We can also examine bivariate correlations and see if there is redundancy.

__Note: __ 

- The function `cor()` only works on continuous variables. For correlations between two categorical variables, and a categorical variable and continuous variable, see [here](https://datascience.stackexchange.com/questions/893/how-to-get-correlation-between-two-categorical-variable-and-a-categorical-variab) and [here](https://medium.com/@outside2SDs/an-overview-of-correlation-measures-between-categorical-and-continuous-variables-4c7f85610365)
- Your answer of Question 1 will affect the results of below cell, please make sure to re-run the cell.


In [None]:
data_cnt <- data %>% select(where(is.numeric))
cor(data_cnt, use = "complete.obs")

__Question 8: __ Looking at the correlation matrix above, which variable is redundant? Remove it in the cell below.



In [None]:
### START CODE HERE (REPLACE INSTANCES OF 'None' with your code) ###  

data <- data %>% select(- None)

### END CODE HERE ###

__Question 9: __ Can you identify any other data issues beyond the ones raised in the questions above? Please name the variable and explain its issue in this cell.

_Answer: _

Variable name:
Issue:

## Data visualization 

Here we will use two types of plots:

- [Bar plot](https://ggplot2.tidyverse.org/reference/geom_bar.html) for categorical variables
- [Violin plot](https://ggplot2.tidyverse.org/reference/geom_violin.html) for continuous variables. For more details about violin plot, [see here](https://mode.com/blog/violin-plot-examples/)

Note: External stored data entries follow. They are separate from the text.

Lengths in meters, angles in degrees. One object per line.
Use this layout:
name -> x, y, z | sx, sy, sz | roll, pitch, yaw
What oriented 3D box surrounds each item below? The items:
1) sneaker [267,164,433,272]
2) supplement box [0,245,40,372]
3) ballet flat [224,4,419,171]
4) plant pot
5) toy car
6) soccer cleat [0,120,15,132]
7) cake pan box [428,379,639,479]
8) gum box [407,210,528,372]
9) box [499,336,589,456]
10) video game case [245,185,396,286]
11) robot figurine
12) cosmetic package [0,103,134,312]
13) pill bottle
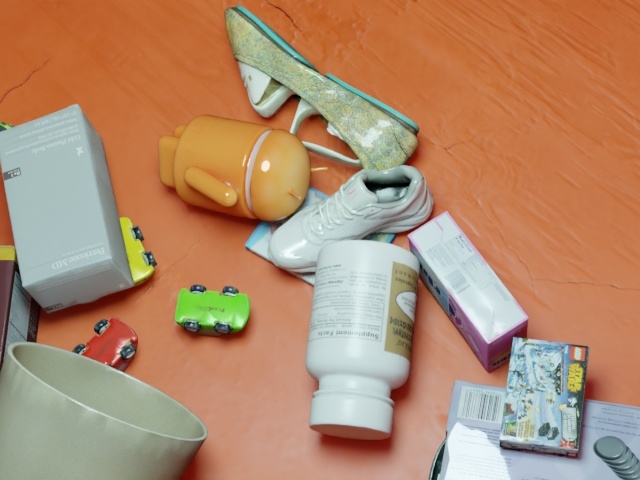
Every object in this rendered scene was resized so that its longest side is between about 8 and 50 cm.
sneaker -> 0.033, -0.041, 1.885 | 0.232, 0.115, 0.090 | -27, 65, -6
supplement box -> -0.476, 0.120, 1.879 | 0.191, 0.129, 0.194 | 0, 65, 7
ballet flat -> -0.025, -0.195, 1.987 | 0.348, 0.123, 0.123 | 36, 74, 20
plant pot -> -0.305, 0.298, 1.726 | 0.256, 0.256, 0.274 | 26, 93, 17
toy car -> -0.200, 0.092, 1.903 | 0.225, 0.053, 0.239 | 5, 67, 8
soccer cleat -> -0.493, -0.146, 2.047 | 0.179, 0.060, 0.072 | 17, 78, 21
cake pan box -> 0.260, 0.306, 1.746 | 0.266, 0.070, 0.246 | 7, 64, 9
gum box -> 0.183, 0.061, 1.843 | 0.062, 0.107, 0.188 | -31, 66, -8
box -> 0.269, 0.187, 1.749 | 0.094, 0.027, 0.137 | 6, 62, 11
video game case -> 0.000, 0.000, 1.943 | 0.166, 0.015, 0.119 | 28, 72, 18
robot figurine -> -0.107, -0.094, 1.927 | 0.219, 0.158, 0.128 | 12, 81, 21
cosmetic package -> -0.333, -0.039, 1.896 | 0.127, 0.107, 0.238 | -19, 60, 3
pill bottle -> 0.049, 0.125, 1.813 | 0.131, 0.131, 0.229 | 4, 73, 8

__Question 10: __ Follow the example below, find another _categorical_ variable and plot the bar plot.


In [None]:
# Example for Question 10
ggplot(data, aes(arm)) + geom_bar()

In [None]:
### START CODE HERE ###  

### END CODE HERE ###

__Question 11: __ Follow the example below, find another _continuous_ variable and plot the violin plot.



In [None]:
# Example for Question 11
ggplot(data, aes(fustat8, age)) + geom_violin(draw_quantiles = c(0.25, 0.5, 0.75))

In [None]:
### START CODE HERE ###  

### END CODE HERE ###

# Congratulations!

You have finished the first assignment of EPI7913.